I also run DNS and DDNS on pfSense so I have split DNS for Nextcloud and Collabora. And I block connections to Nextcloud from non-ARIN addresses, as well as running dummy catchall vhosts in Apache for when the proper FQDN isn’t used. Those two things drastically reduce scans against the Nextcloud vhost.

Thanks Karl,

I can testify that the described problem goes away when running essentially the same configuration on a Raspberry Pi 4.

On the Pi the upload finishes but when it comes to “processing files” it spits out a Error when assembling chunks, status code 404 - it seems like php can’t locate the chunked files anymore, spamming fseek() expects parameter 2 to be integer, float given in the log. Probably because the numbers are bigger than the PHP_INT_MAX which is only 2147483647 with the arm7l 32bit architecture. Bummer, I wasn’t aware of this when getting the Pi 4, naively thinking everything new is 64 bit these days.
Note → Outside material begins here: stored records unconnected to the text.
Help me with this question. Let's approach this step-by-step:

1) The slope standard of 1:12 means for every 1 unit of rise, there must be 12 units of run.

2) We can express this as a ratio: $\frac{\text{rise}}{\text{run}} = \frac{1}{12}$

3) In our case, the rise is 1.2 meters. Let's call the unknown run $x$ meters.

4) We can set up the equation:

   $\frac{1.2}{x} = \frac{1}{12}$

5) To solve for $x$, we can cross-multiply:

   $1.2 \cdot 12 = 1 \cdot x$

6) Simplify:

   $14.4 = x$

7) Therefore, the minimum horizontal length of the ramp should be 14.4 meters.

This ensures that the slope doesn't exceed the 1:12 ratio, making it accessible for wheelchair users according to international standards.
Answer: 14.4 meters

With little hope of fixing this (hardware)issue I actually migrated back again to the Rock64, because I had some more minor changes in between, hoping that they might have brought some remedy - but now the original error is back and persistent as ever, I’m basically back where I started (although now on NC 17)

it’s a shame, for me one of the most attractive features of nextcloud is the ability to run on very low-power devices (if you don’t need to serve 1000s of users) but it has turned out to be massively frustrating and time consuming

I’m pretty much out of ideas - looks like I will have to give up, or make yet another investment in something significantly more powerful

I was mistaken about the Raspberry Pi 4 cpu architecture - it does have the ARMv8 instruction set, it is only most debian based distros for the Pi 4 that still employ a 32 bit kernels.

I was able to solve my problems starting from scratch with the Raspberry Pi 4 minimal ARM edition of Manjaro. Porting over my existing nextcloud installation and data was a long and painful process (damn you silent errors) but finally it came around and now is running about as well as one could hope from such economic hardware.

For anyone facing problems on a similar setup I can only recommend to go through the official server tuning tips, all of them, step by step. Most impactful for me was to scale up the number of php-fpm child processes. When doing that it may also be advisable to raise the maximum simultaneous connections to your DBMS (in my case postgresql where 100 connections were exceeded in some circumstances (by a single user!) - resulting in an almost completely blocked system with maxed out RAM and swap)

In some places you may encounter the opinion that 64 bit kernel yields no practical benefits on a SBC like the Pi 4. I strongly disagree - it may be a flaw in nextcloud that it does not fully account for the limitations of 4byte integers in it’s software design, but this will only become more normal as time goes on - 64bit is the way to go.